Peripheral Vascular Disease (PVD)
Peripheral Vascular Disease, or PVD, is a disease of the blood vessels (outside the brain and heart) that affects tens of thousands of people. In this condition, the arteries that carry blood to the arms or legs become narrow or clogged, slowing or stopping the flow of blood. In the majority of patients, PVD is caused by generalized atherosclerosis - a gradual process in which cholesterol and scar tissue build up inside the artery. The disease most often affects the legs, but sometimes PVD occurs in the arms or in the neck affecting the arteries supplying blood to the brain. In some cases the renal artereries may also be narrowed, resulting in untreatable hypertension and kidney damage.

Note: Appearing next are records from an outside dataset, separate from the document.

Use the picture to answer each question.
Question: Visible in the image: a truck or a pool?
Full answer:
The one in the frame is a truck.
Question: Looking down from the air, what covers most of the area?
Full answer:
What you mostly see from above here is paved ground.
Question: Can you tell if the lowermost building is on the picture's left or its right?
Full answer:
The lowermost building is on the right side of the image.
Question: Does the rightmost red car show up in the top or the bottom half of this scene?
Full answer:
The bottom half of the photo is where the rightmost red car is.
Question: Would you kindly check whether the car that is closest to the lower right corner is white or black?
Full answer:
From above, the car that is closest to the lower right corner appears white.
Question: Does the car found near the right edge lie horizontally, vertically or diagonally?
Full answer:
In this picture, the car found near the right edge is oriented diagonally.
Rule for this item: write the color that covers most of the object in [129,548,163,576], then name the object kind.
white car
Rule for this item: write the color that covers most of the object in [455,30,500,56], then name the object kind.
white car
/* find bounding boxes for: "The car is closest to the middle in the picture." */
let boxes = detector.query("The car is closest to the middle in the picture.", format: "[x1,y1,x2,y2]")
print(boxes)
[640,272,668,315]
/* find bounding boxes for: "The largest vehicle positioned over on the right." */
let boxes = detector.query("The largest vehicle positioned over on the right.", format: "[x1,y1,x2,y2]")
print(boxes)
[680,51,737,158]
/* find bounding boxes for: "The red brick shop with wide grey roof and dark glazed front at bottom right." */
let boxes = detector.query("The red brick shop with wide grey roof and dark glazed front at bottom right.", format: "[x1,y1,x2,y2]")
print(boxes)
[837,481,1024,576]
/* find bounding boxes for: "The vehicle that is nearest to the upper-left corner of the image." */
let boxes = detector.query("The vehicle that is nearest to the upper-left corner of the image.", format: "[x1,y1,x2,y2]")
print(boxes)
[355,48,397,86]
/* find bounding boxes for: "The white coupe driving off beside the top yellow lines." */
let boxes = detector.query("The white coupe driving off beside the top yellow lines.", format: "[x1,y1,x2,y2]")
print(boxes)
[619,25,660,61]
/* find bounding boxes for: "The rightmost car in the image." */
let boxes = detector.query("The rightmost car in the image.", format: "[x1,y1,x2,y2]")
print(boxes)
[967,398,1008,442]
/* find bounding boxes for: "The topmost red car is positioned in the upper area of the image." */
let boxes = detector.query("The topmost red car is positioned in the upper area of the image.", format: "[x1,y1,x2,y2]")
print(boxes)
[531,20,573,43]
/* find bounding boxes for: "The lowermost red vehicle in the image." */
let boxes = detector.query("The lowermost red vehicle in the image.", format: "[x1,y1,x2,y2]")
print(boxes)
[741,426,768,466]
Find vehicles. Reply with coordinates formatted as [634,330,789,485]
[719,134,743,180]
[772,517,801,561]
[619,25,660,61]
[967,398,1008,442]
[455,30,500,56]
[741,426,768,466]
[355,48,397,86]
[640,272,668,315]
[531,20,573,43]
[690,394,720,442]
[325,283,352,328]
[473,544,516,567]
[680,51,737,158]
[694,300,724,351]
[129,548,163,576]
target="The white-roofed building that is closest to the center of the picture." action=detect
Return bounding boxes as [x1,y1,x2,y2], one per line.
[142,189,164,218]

Many people live with the symptoms of PVD - such as numbness or pain in the legs or arms, believing it is arthritis or part of the normal aging process. The condition can often be treated successfully with exercise and medications or invasive procedures (angioplasty or surgery).
Symptoms of Peripheral Vascular Disease
The symptoms of PVD of the lower extremities usually begin gradually. People who have PVD are often unaware of subtle symptoms and do not seek medical advice until the disease is advanced. Approximately 50% of patients do not experience any symptoms, 45% have intermittent claudication (see definition below) and about 5% experience pain at rest, ulceration or gangrene.

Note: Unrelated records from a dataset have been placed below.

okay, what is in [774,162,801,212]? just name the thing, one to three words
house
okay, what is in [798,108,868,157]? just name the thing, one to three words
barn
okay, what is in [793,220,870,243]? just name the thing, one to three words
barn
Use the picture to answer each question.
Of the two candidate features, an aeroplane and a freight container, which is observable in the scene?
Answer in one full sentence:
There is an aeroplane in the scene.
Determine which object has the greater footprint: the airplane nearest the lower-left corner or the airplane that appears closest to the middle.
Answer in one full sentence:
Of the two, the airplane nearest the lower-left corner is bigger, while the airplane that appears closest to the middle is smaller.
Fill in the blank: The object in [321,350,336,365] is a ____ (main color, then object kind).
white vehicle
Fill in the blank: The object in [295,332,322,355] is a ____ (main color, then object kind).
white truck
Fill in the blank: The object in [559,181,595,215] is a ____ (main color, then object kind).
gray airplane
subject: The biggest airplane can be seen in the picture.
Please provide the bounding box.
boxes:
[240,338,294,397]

Intermittent claudication: This is the most common symptom of PVD, and is characterized by a progressive aching or cramping sensation which is triggered by walking and relieved by rest, even simply standing in one place. This symptom typically occurs in the muscles distal (opposite) to the occlusion site (place where the artery is obstructed). The typical location of the occlusion in patients younger than 40 years is the aorta (the main "trunk" from which the arterial system proceeds) and the iliac arteries which serve the mid-section of the body. In those over 40, the obstruction is predominantly located in the arteries that serve the lower extremities. Intermittent claudication must be differentiated from so-called pseudoclaudication, which is caused by lumbar spinal canal stenosis.
Pain at rest: This is a sign of ischemia (lack of blood flow) in the leg when blockage in the artery progresses to critical level. Most commonly it occurs at night when the patient is lying in bed. Very often dangling of the affected foot over the side of the bed or getting up and walking brings relief.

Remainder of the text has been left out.